Following the launch of the Men’s Health Strategy Kathy Oxtoby takes a look at the state of healthcare for men across the NHS system.

There have been huge improvements in the life expectancy of men over the past 100 years. However, ‘persistently over time men have experienced poorer health outcomes compared to women in terms of higher rates of disease and lower life expectancy’, says the Department of Health and Social Care (DHSC).

Disparities in men’s health 

The inequalities in men’s health are ‘deep, long standing, and largely structural’, says Professor Paul Galdas, Professor of Men’s Health, Department of Health Sciences at the University of York, and Chair, National Men’s Health Academic Network. 

‘Men live almost four years fewer than women and spend a significant proportion of their lives in poor health. The gaps widen sharply with deprivation.’

He says men in most disadvantaged areas die more than 10 years earlier and spend almost 20 fewer years in good health than those in the least deprived places. ‘That isn’t a result of biology, it reflects exposure to risk at work and at home, social and economic pressures, and the fact that our health systems often struggle to reach men early enough or consistently enough.’

Conditions such as cardiovascular disease, cancer, type 2 diabetes, and suicide ‘account for much of the burden’, he says. ‘These are preventable, modifiable, and shaped by environments men live and work in.
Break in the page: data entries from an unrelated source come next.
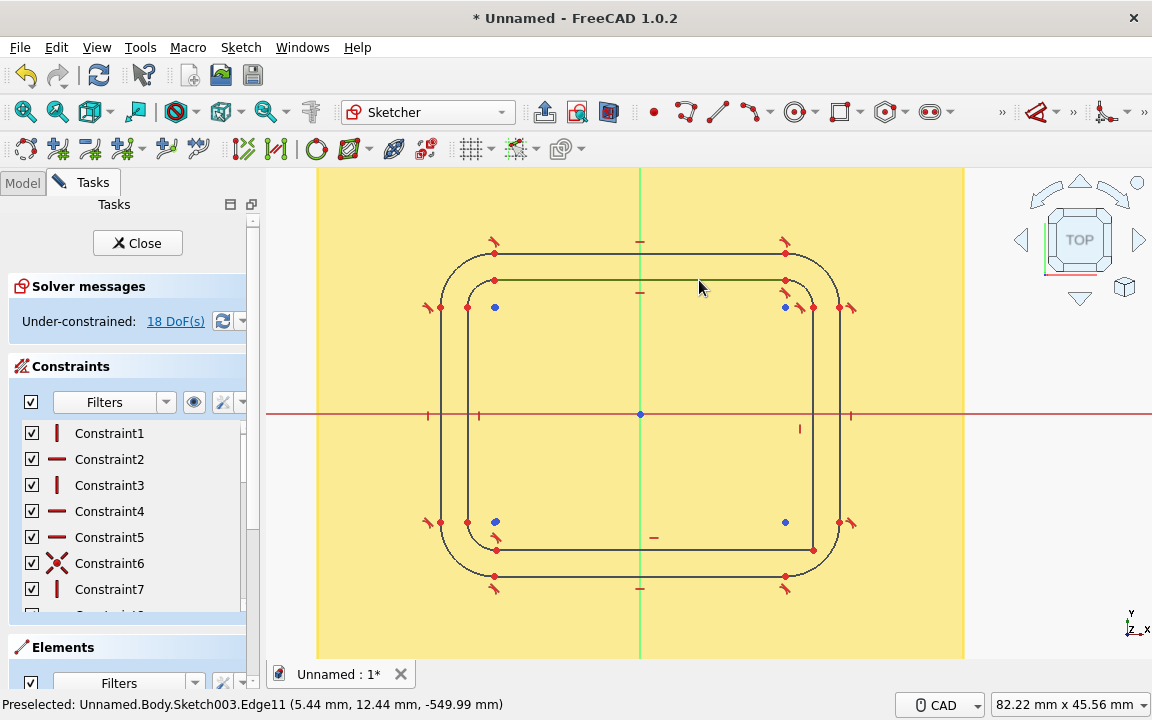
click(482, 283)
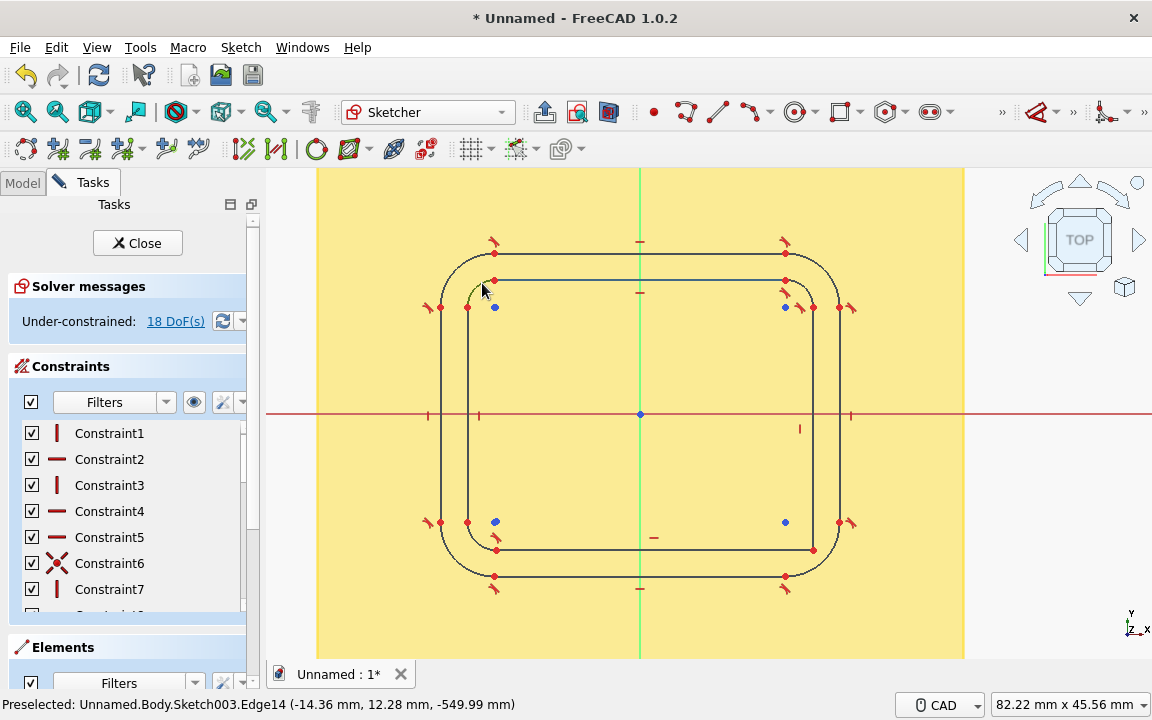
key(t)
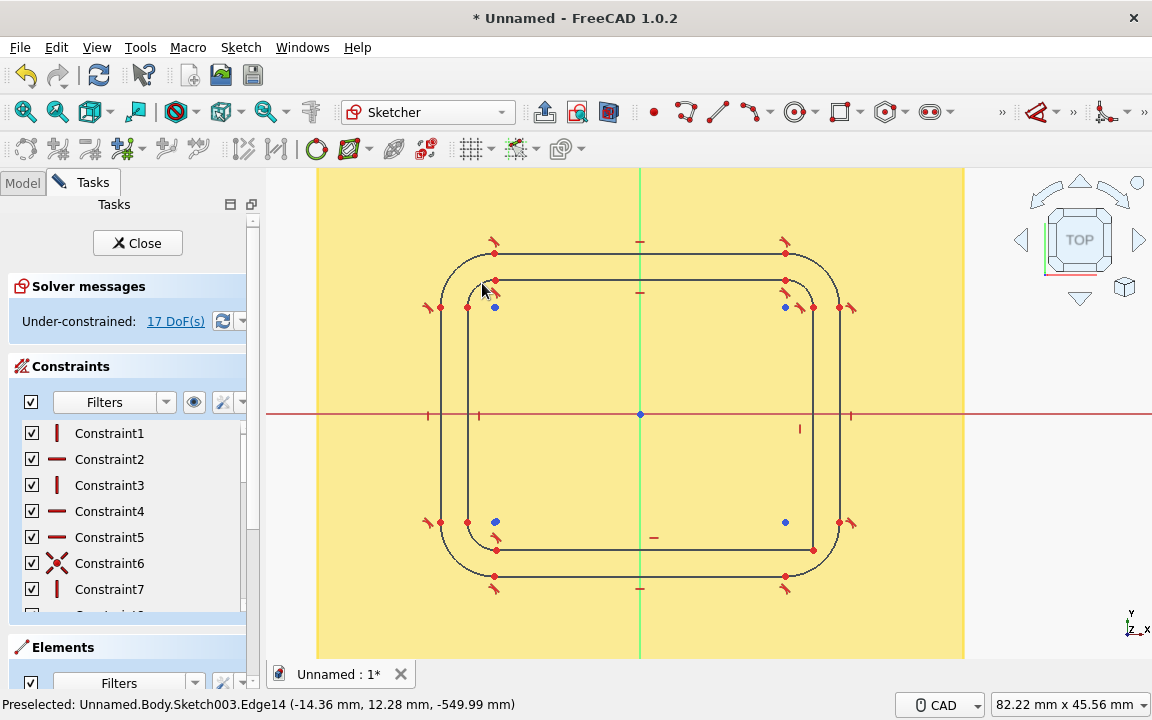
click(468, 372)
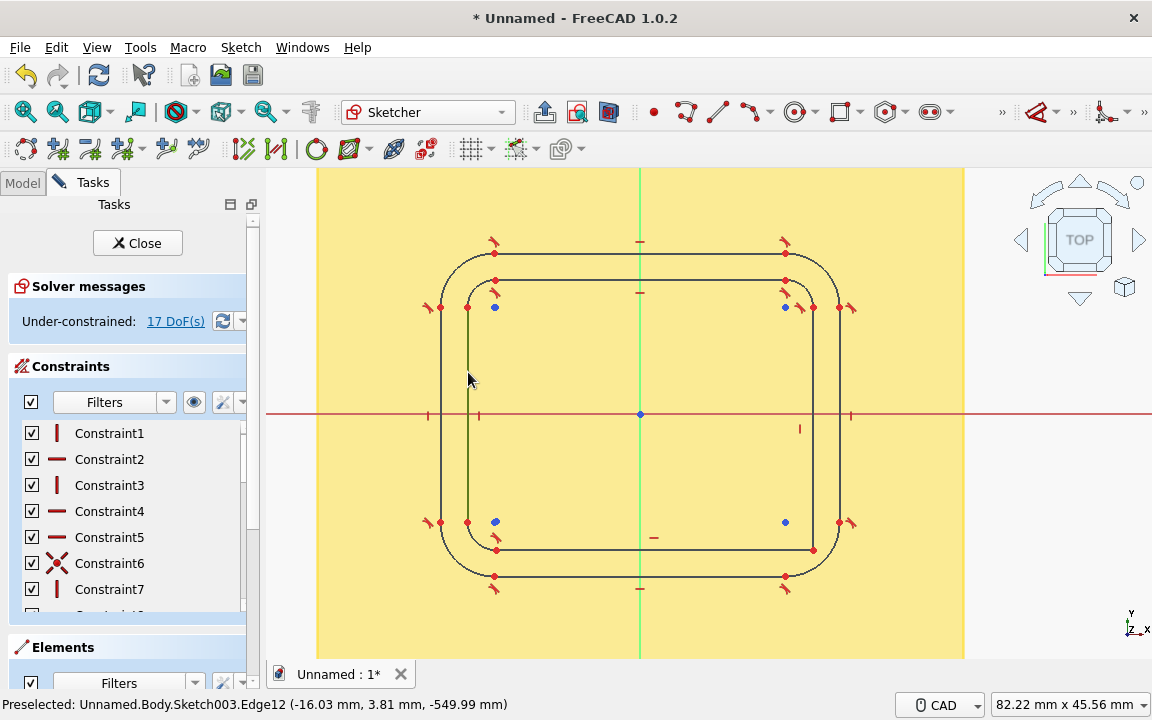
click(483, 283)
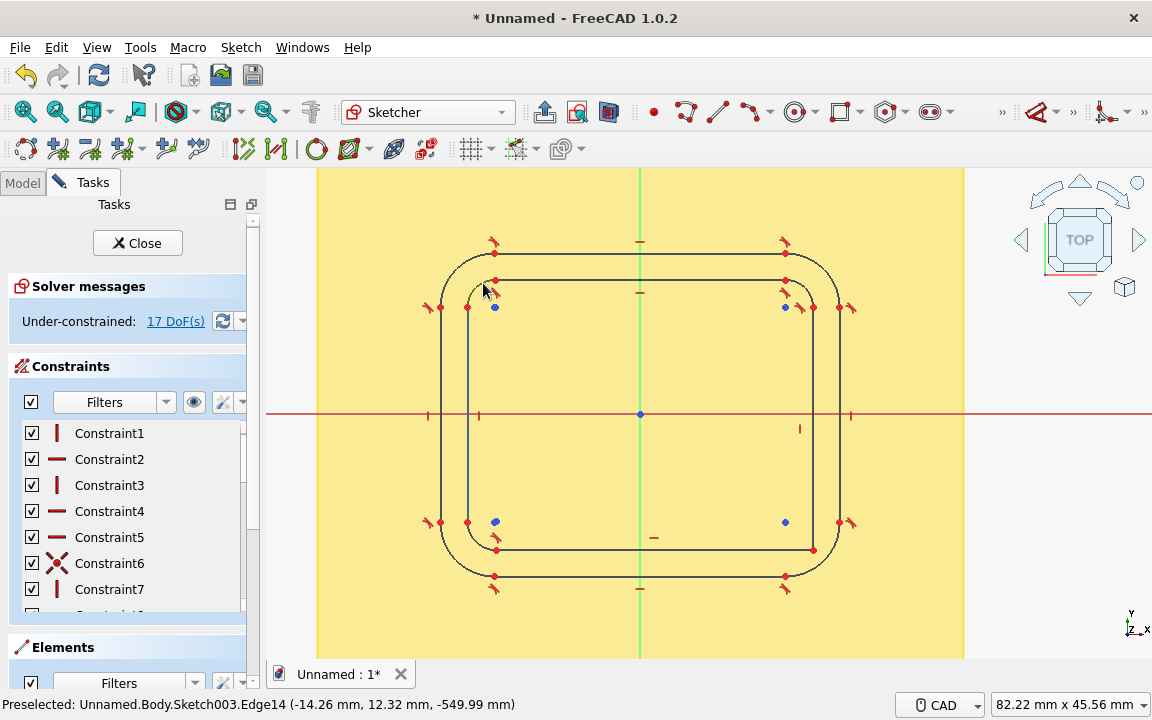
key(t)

That’s why ICBs, with their population health remit, have such significant leverage.’

Joe Woollcott, head of health policy, education and awareness at Prostate Cancer UK, says there are ‘large disparities when it comes to prostate cancer experiences and outcomes in England, and often these fall down socioeconomic and geographical lines and along the lines of ethnicity as well’.  

‘There are inherent inequalities in prostate cancer,’ he says. For example, one in flour Black men will get prostate cancer – double the risk of other men.

There are also factors that complicate the picture in terms of the inequalities affecting prostate cancer. ‘There are socioeconomic factors heaped on top of biological factors, which are affecting men’s experience and outcomes of the disease in the UK,’ he says.

Current guidelines for detecting and diagnosing prostate cancer are that any asymptomatic man can request a PSA blood test from their GP, however, those who do so are not necessarily those most at risk. The men who do request a test ‘are more health literate, generally more affluent, and more comfortable talking with their GPs about what tests they’d like’, he says. ‘There is an inherent inequality based in the current guidelines for detecting and diagnosing prostate cancer. At Prostate Cancer UK we have been campaigning for those guidelines to be updated, so that GPs can proactively talk to their patients about the PSA test.’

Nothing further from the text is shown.